提亚马特(rva)光著脚丫,怀里紧紧抱著一个在海滩上捡到的巨大彩色贝壳,像献宝一样举到洛尘面前,粉紫色的十字星眼眸里满是期待。
“很漂亮的贝壳。”
洛尘笑著摸了摸她的头,顺手接过来递给旁边的魔偶。
“让它们拿去洗乾净,放在你的床头当装饰吧。”
得到夸奖的创世母神开心地眯起了眼睛,像只温顺的大型猫科动物一样蹭了蹭洛尘的手心,然后乖乖地跟著魔偶去一楼的洗浴区清理身上的沙子了。
“简直就像个幼儿园园长一样。”
摩根勒菲优雅地收起那把黑色的遮阳伞,走到洛尘身边。
她身上的黑色连体泳衣已经换成了一套深紫色的居家丝质长裙,那种生人勿近的妖精女王气场重新回到了她的身上。
“把这群闹腾的傢伙带出去放风,感觉比打一场特异点还要累。亚瑟,我的肩膀有些酸了。”
“这是身为一家之主必须承担的『甜蜜负担』。”
洛尘十分自然地伸出手,揽住摩根不盈一握的纤腰,另一只手在她的肩膀上轻轻按揉了两下。

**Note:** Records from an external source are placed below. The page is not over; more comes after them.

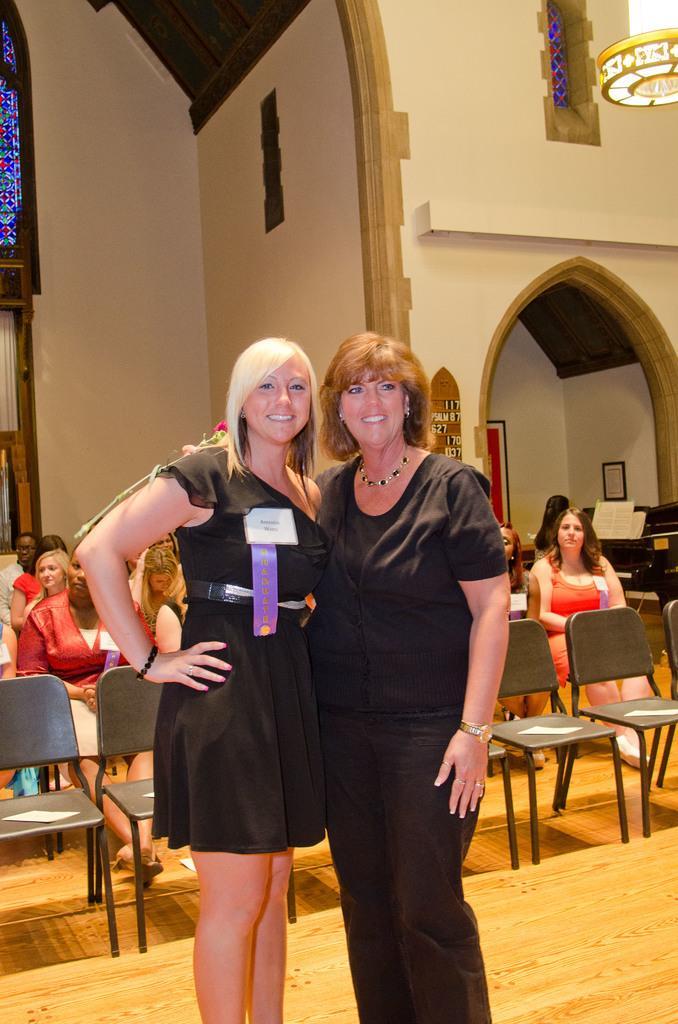How would you summarize this image in a sentence or two? In this picture there are two ladies in black dress and behind them there are some chairs and some people sitting on the chairs. 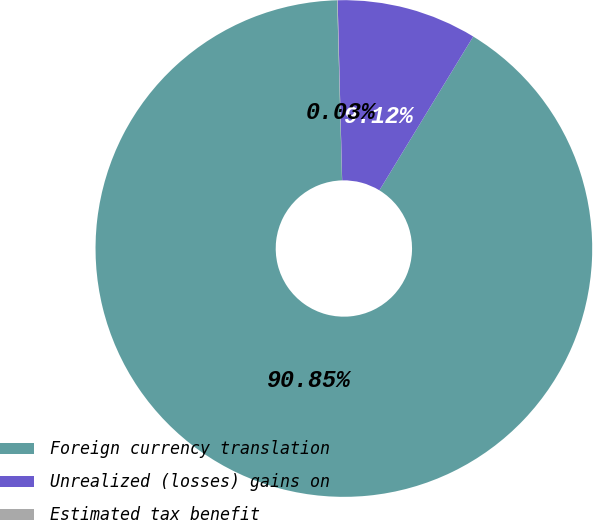Convert chart. <chart><loc_0><loc_0><loc_500><loc_500><pie_chart><fcel>Foreign currency translation<fcel>Unrealized (losses) gains on<fcel>Estimated tax benefit<nl><fcel>90.85%<fcel>9.12%<fcel>0.03%<nl></chart> 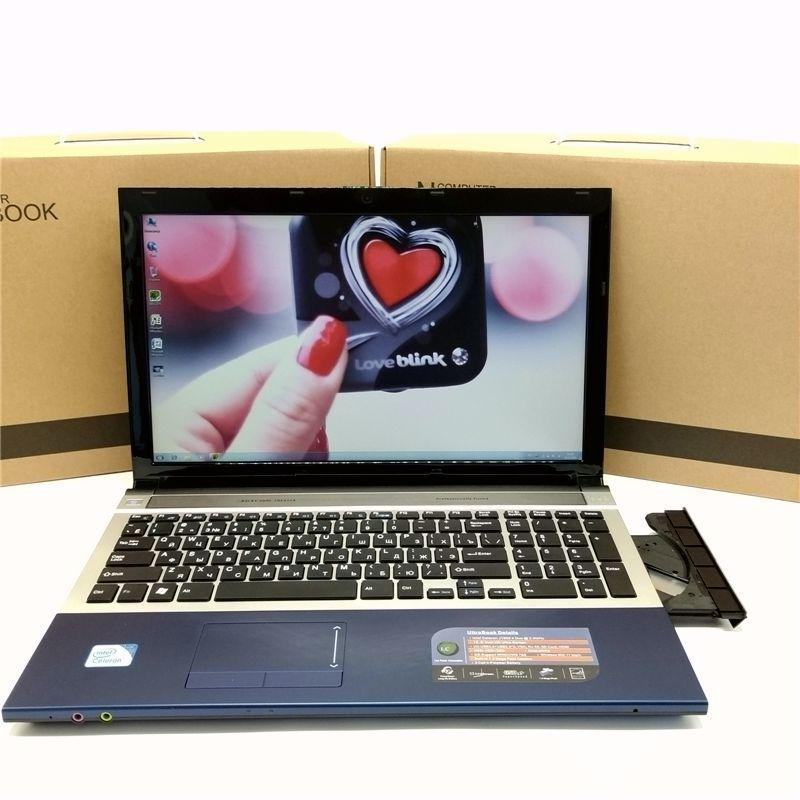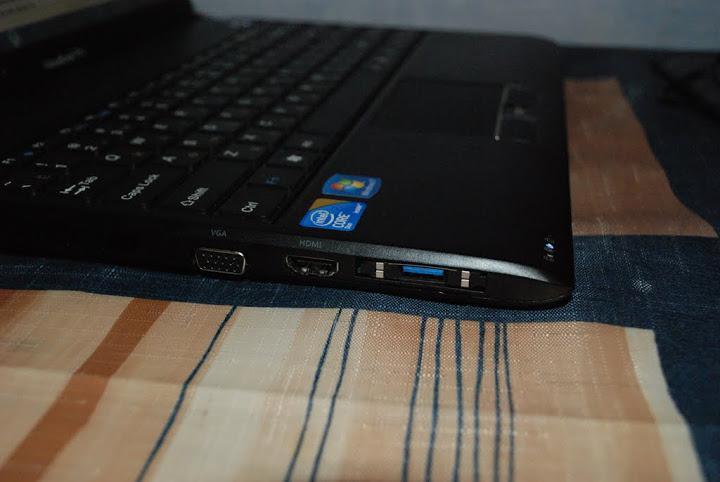The first image is the image on the left, the second image is the image on the right. Considering the images on both sides, is "At least one computer has a blue graphic background on the screen." valid? Answer yes or no. No. The first image is the image on the left, the second image is the image on the right. Examine the images to the left and right. Is the description "In one image, the laptop screen displays a created sweeping scene." accurate? Answer yes or no. No. 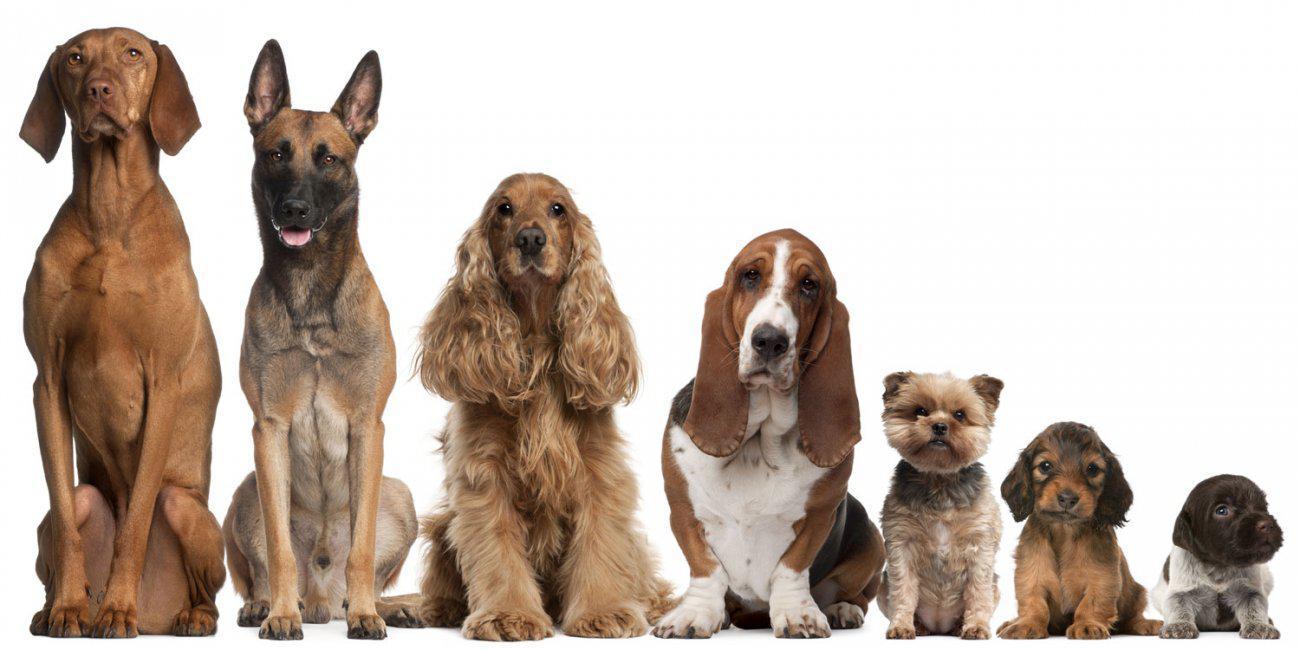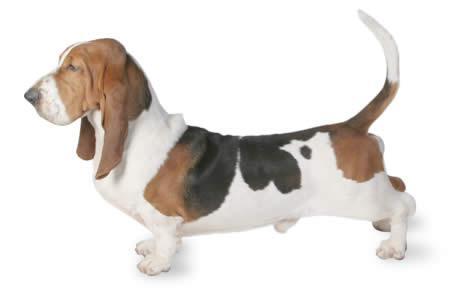The first image is the image on the left, the second image is the image on the right. For the images displayed, is the sentence "There are at least seven dogs." factually correct? Answer yes or no. Yes. 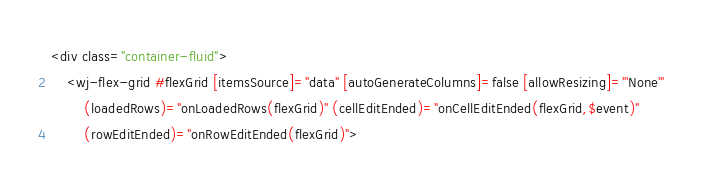Convert code to text. <code><loc_0><loc_0><loc_500><loc_500><_HTML_><div class="container-fluid">
    <wj-flex-grid #flexGrid [itemsSource]="data" [autoGenerateColumns]=false [allowResizing]="'None'"
        (loadedRows)="onLoadedRows(flexGrid)" (cellEditEnded)="onCellEditEnded(flexGrid,$event)"
        (rowEditEnded)="onRowEditEnded(flexGrid)"></code> 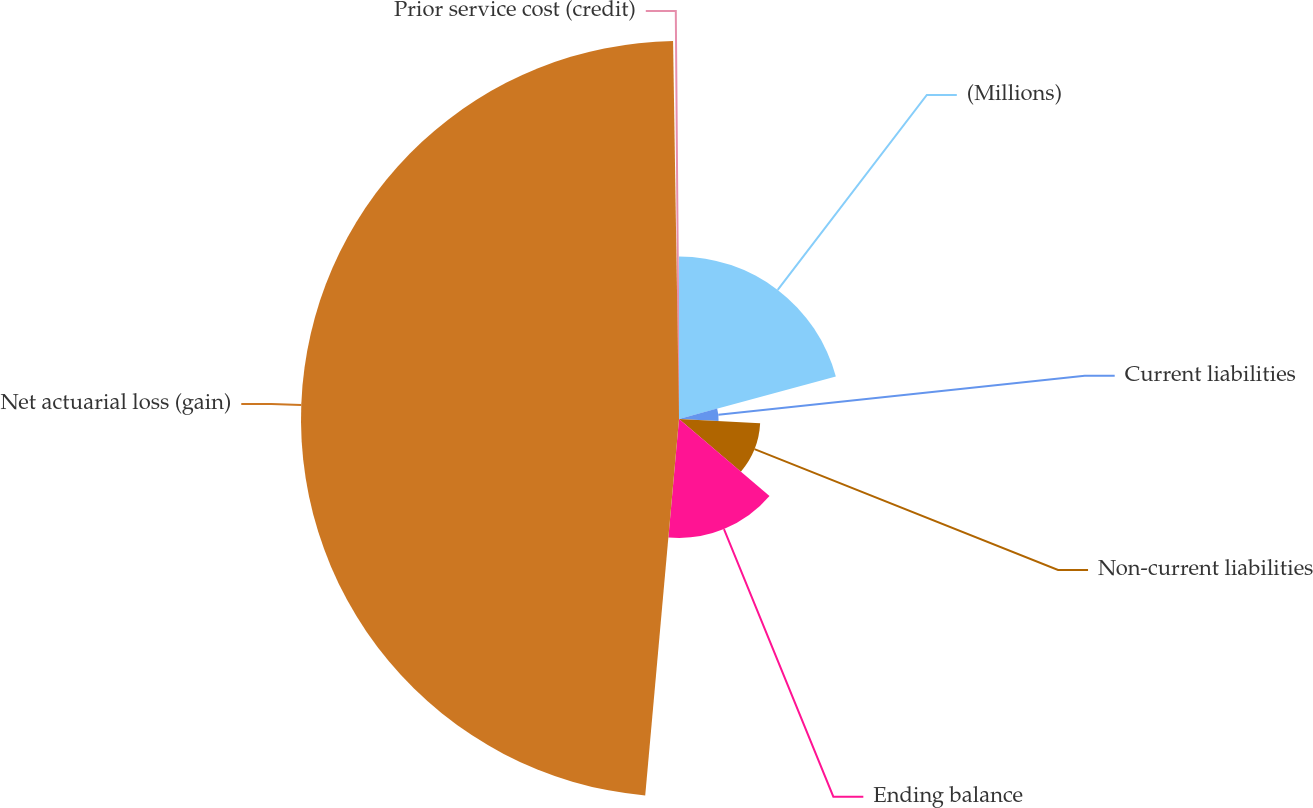Convert chart. <chart><loc_0><loc_0><loc_500><loc_500><pie_chart><fcel>(Millions)<fcel>Current liabilities<fcel>Non-current liabilities<fcel>Ending balance<fcel>Net actuarial loss (gain)<fcel>Prior service cost (credit)<nl><fcel>20.78%<fcel>5.06%<fcel>10.39%<fcel>15.2%<fcel>48.33%<fcel>0.25%<nl></chart> 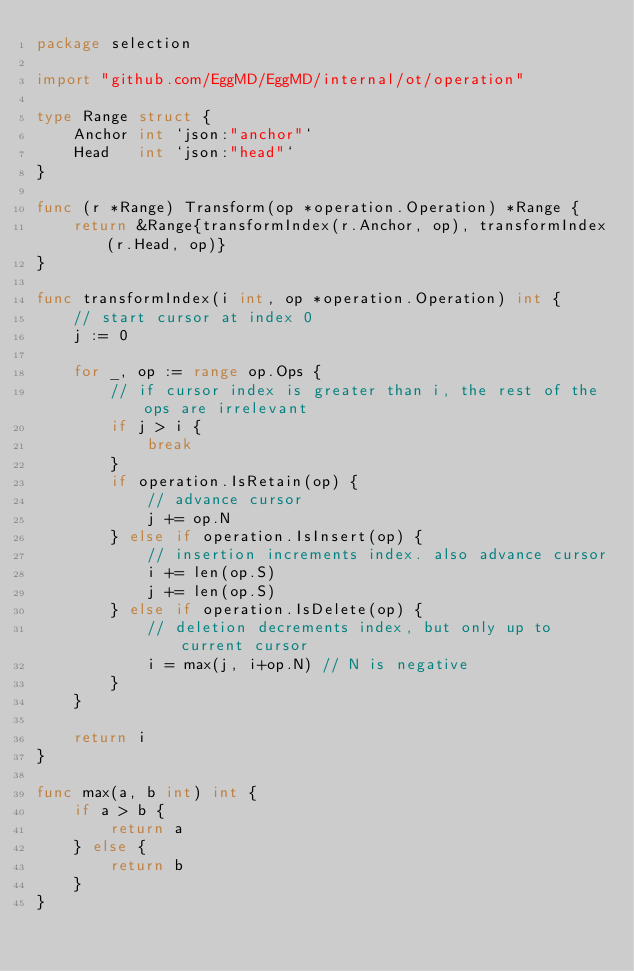<code> <loc_0><loc_0><loc_500><loc_500><_Go_>package selection

import "github.com/EggMD/EggMD/internal/ot/operation"

type Range struct {
	Anchor int `json:"anchor"`
	Head   int `json:"head"`
}

func (r *Range) Transform(op *operation.Operation) *Range {
	return &Range{transformIndex(r.Anchor, op), transformIndex(r.Head, op)}
}

func transformIndex(i int, op *operation.Operation) int {
	// start cursor at index 0
	j := 0

	for _, op := range op.Ops {
		// if cursor index is greater than i, the rest of the ops are irrelevant
		if j > i {
			break
		}
		if operation.IsRetain(op) {
			// advance cursor
			j += op.N
		} else if operation.IsInsert(op) {
			// insertion increments index. also advance cursor
			i += len(op.S)
			j += len(op.S)
		} else if operation.IsDelete(op) {
			// deletion decrements index, but only up to current cursor
			i = max(j, i+op.N) // N is negative
		}
	}

	return i
}

func max(a, b int) int {
	if a > b {
		return a
	} else {
		return b
	}
}
</code>

温热的星辰魔力顺著指尖渗入,瞬间驱散了她那一丝微不足道的疲乏。
“去三楼洗个澡吧,我已经在浴缸里放好了你最喜欢的精油。等会儿我上去找你。”
摩根的嘴角勾起一抹满意的弧度,她微微踮起脚尖,在洛尘的侧脸上留下一个轻柔的吻。
“算你识相。半个小时后如果我看不到你的人,你今晚就去跟那些龙虾一起睡吧。”
女王陛下拋下这句半是威胁半是邀请的傲娇发言,转身踩著高跟鞋,摇曳生姿地走向了旋转楼梯。
洛尘目送摩根上楼后,视线在大厅里扫了一圈。
除了还在和龙虾较劲的两位亚瑟王,以及正拉著玛修展示自己在沙滩上捡到的漂亮石头的立香,似乎少了一个平时最喜欢吵闹的身影。
“黑贞呢”洛尘挑了挑眉。
“那个傲娇的村姑啊。”
伊什塔尔(金星女神)正坐在沙发上清点著自己这次去海岛顺便在海底捞出来的几颗珍珠,头也不抬地说道。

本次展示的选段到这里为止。